Work item — Check each line of the data below for the string "open", then report how many lines have it and nothing else.

(Entries provided)

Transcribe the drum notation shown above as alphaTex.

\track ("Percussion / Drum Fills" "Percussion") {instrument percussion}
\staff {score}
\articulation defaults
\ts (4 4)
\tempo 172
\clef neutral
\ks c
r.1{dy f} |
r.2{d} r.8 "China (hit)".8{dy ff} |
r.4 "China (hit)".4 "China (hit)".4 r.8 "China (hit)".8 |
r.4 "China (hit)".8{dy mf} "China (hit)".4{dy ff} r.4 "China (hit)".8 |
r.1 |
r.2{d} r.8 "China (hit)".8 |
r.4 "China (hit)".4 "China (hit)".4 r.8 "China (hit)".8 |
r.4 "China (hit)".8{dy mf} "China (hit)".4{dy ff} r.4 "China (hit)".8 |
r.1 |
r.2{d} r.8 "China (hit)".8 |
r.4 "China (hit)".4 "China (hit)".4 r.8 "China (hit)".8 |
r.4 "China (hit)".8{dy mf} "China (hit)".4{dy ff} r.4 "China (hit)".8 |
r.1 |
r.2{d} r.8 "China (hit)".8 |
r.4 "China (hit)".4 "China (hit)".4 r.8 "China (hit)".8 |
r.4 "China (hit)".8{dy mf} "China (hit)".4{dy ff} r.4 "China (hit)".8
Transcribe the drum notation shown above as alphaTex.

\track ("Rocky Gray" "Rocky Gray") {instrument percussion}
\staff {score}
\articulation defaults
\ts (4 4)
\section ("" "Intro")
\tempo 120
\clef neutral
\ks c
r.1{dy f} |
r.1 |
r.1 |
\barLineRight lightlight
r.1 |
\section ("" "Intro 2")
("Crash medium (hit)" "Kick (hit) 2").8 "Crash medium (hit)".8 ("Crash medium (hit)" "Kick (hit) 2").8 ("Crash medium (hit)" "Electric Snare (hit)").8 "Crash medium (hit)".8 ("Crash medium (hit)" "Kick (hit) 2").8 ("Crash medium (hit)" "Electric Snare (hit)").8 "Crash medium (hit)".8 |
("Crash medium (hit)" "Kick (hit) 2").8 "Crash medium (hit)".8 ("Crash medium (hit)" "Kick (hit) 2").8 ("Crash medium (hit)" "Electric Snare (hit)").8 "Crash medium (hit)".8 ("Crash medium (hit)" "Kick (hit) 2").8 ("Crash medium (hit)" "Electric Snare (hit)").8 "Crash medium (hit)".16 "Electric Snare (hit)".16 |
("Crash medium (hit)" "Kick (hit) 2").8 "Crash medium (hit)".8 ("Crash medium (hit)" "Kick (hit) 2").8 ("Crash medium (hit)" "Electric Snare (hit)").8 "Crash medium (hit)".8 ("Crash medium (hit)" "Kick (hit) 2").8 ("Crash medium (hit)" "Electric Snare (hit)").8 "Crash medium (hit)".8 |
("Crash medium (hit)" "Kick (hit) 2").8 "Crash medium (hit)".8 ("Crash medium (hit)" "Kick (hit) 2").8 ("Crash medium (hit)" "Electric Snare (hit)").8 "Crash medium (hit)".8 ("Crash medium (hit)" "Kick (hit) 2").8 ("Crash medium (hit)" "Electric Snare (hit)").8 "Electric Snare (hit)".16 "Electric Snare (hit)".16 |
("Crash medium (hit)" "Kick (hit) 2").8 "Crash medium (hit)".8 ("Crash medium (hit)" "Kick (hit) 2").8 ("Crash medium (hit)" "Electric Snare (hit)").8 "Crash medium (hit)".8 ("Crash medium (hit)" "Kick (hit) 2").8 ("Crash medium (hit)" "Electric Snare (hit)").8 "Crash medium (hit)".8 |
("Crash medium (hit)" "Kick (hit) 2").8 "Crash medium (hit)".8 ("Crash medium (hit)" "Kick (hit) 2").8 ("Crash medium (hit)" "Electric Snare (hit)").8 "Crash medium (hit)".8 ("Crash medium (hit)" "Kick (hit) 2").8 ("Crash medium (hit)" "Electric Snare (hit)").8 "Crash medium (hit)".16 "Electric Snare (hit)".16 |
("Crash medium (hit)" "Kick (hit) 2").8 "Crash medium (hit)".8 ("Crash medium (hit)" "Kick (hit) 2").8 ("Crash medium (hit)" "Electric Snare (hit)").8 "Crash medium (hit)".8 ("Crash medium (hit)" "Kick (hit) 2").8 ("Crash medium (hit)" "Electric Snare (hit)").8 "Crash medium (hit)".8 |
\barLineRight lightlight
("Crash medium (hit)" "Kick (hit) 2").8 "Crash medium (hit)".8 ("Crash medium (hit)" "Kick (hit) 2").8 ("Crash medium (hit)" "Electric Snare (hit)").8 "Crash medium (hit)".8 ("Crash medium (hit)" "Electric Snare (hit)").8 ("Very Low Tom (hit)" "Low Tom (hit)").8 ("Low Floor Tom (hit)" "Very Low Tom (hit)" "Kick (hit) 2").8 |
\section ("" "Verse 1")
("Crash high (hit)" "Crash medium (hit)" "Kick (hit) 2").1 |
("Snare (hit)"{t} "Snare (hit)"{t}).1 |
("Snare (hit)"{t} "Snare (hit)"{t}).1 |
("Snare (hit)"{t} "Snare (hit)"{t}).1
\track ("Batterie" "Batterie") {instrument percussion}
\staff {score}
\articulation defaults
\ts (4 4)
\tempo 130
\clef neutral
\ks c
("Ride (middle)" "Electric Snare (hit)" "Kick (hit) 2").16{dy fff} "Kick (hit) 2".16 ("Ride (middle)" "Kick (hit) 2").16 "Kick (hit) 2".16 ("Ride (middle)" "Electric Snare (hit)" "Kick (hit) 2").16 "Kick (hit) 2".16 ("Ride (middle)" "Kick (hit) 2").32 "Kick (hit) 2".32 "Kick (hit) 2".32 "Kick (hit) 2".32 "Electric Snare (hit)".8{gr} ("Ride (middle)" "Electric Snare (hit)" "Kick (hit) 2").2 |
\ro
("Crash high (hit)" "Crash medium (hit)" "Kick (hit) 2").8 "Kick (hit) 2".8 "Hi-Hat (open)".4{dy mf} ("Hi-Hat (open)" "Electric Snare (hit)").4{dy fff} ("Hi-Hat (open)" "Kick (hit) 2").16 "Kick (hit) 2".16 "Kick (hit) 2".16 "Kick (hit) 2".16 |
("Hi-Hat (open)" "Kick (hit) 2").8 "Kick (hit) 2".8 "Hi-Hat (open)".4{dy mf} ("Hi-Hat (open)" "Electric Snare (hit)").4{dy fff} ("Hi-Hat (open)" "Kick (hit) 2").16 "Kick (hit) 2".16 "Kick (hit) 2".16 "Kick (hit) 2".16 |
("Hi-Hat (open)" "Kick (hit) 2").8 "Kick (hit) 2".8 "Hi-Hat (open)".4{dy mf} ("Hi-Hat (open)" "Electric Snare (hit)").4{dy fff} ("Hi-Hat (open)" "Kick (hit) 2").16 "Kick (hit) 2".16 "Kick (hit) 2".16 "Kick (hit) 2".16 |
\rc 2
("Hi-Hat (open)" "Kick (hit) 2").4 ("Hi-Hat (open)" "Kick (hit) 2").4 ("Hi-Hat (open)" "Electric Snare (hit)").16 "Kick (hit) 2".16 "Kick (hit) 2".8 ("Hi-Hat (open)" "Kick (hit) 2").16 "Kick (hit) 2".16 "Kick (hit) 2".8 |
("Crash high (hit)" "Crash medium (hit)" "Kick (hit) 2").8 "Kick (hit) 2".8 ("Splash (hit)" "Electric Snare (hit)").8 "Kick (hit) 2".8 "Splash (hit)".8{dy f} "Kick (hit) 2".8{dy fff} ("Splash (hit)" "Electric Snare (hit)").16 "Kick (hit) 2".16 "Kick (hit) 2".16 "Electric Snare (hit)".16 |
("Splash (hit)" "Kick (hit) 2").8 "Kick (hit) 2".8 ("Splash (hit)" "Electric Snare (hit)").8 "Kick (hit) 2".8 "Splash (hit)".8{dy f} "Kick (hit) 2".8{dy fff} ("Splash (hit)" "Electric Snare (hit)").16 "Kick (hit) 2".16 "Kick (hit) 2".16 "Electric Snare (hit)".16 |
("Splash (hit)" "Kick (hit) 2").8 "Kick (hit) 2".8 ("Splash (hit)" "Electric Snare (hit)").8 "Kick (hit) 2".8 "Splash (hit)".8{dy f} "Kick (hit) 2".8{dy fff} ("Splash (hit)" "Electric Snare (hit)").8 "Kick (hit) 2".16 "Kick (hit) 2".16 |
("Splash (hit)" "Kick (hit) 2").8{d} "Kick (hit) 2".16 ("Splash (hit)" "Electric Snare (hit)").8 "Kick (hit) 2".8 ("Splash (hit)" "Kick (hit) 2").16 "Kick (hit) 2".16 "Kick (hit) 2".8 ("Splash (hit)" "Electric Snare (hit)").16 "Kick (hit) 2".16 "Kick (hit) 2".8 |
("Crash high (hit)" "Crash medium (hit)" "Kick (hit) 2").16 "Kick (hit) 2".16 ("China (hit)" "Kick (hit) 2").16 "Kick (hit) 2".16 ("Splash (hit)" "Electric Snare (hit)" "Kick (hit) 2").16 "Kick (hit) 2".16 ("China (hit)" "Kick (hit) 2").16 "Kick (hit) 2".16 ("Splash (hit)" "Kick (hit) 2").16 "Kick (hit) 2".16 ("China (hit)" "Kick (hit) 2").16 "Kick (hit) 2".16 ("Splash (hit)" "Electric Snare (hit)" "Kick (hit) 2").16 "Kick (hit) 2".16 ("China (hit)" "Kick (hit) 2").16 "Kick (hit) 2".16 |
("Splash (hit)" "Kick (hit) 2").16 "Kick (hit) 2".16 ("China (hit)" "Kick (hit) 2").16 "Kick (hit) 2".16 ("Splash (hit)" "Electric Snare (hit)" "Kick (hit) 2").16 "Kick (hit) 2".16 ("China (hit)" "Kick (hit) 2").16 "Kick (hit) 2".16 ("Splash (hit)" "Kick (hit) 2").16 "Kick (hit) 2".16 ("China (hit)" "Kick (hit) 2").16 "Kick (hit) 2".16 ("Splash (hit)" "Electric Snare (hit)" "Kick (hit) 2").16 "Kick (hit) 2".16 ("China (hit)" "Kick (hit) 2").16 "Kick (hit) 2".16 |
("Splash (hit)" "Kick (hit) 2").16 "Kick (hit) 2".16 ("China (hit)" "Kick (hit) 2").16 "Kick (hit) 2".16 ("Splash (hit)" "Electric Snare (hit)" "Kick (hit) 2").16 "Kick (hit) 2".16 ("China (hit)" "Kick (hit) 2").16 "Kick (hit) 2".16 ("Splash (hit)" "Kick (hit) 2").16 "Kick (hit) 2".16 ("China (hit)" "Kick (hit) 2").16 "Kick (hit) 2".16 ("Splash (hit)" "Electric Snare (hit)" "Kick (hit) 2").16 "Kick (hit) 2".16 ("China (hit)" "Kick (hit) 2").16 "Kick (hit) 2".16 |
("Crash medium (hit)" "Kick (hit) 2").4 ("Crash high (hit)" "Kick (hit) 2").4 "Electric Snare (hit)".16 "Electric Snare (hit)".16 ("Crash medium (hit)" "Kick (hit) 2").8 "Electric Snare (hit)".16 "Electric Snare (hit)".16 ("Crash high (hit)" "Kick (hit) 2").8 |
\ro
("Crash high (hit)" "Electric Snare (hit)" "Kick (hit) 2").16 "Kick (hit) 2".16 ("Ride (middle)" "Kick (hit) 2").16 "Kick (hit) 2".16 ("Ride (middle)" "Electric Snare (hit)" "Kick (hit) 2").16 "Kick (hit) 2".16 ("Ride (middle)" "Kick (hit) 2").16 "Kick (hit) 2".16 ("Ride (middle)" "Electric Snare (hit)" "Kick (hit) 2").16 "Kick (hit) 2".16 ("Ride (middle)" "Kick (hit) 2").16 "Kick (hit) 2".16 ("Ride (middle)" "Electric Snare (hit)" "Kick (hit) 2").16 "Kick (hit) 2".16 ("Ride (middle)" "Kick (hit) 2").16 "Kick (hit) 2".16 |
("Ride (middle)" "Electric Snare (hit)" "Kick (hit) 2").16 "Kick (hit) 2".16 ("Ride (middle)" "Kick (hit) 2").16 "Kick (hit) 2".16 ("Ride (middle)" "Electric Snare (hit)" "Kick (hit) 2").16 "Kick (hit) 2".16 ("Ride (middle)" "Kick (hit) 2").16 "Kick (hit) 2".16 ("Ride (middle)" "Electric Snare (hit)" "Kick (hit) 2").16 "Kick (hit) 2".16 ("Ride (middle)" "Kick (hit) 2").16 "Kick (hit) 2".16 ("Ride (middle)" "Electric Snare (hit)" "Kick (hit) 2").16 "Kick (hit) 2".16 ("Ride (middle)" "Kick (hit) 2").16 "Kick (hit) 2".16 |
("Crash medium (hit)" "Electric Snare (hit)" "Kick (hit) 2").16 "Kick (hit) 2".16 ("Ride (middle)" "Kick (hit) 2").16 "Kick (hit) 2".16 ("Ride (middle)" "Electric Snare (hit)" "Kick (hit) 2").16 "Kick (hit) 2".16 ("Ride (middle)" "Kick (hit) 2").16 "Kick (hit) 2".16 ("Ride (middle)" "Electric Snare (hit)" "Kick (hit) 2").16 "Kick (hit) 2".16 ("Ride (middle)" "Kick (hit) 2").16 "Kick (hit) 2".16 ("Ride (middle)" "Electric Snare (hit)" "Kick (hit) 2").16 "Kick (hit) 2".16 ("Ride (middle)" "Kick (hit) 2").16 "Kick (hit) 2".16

(End Entries provided)

Task answer — 4